Yes, usually. But all over mathematical logic, we clearly separate
"just talking" and "talking about". For example in the
lambda-calculus, there are terms, and there are rules for manipulating
terms that are completely mechanical, i.e., one can carry them out
without referring to any sort of "meaning" of lambda terms. And that
is a good thing as otherwise a computer could not do the manipulation.
Coming up with a consistent meaning for these terms is a completely
different game (and, at least in the case of lambda, a much much
harder one).
> Since static typists generally use phrases like `no runtime
> errors', it seems that running a program might have some relevance.
Yes.
> Assertions made in the type system are statements about the potential
> behavior of programs.
Not a-priori.

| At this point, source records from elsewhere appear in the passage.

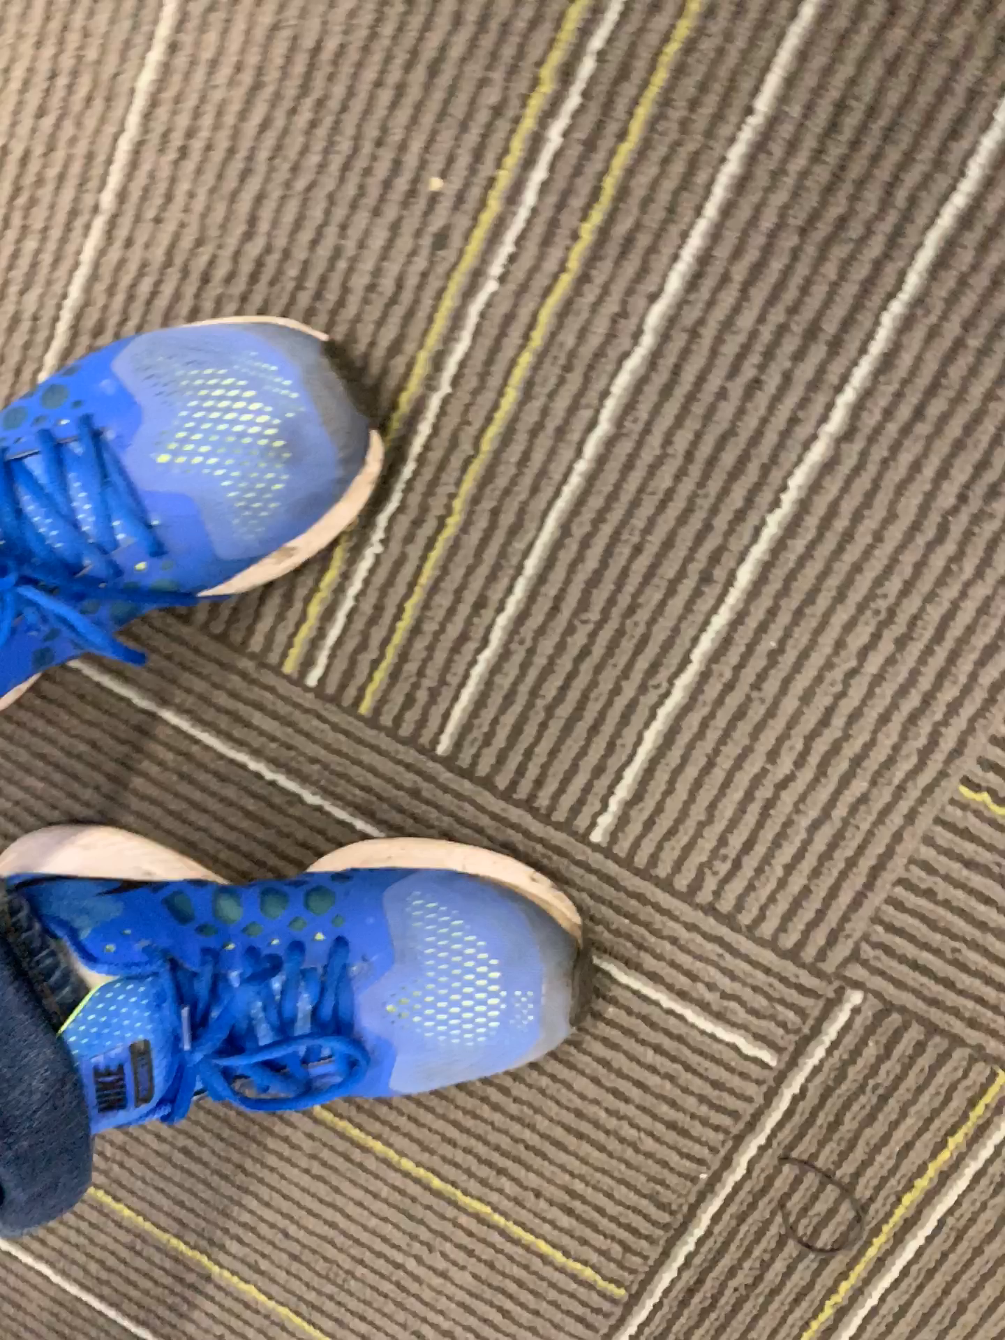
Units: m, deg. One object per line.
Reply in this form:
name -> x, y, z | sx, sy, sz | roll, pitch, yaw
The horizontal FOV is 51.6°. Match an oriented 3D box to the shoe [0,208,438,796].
shoe -> -0.194, -0.061, 0.457 | 0.298, 0.077, 0.125 | -22, 95, 17

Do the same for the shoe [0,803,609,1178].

The connection between properties of the type system
and properties of the running program have to be stated as theorems
and lemmas, and then they have to be proved. Certainly, the
construction of particular type systems was done with those properties
(and their provability) in mind, but that does not change the fact
that the type system in and by itself does not "say" anything -- we
have to interpret it.
>
> Er, yes. That is, after all, what programs manipulate. But you are
> implying that there are other interpretations (other than the obvious
> `they are syntactic tokens in the type calculus').
Well, at the very least, even what "value" means depends on what kind
of semantics we use for the dynamic part of the language, so "set of
values" is less immediate than you might imagine. And then, for
certain technical reasons, some interpretations of types found it
necessary to augment plain values with, e.g., indices, so types are
interpreted as sets of indexed values, etc.
> In the realm of
> real, running programs, what other useful interpretation could they
> have that is not trivially isomorphic to `sets of values'?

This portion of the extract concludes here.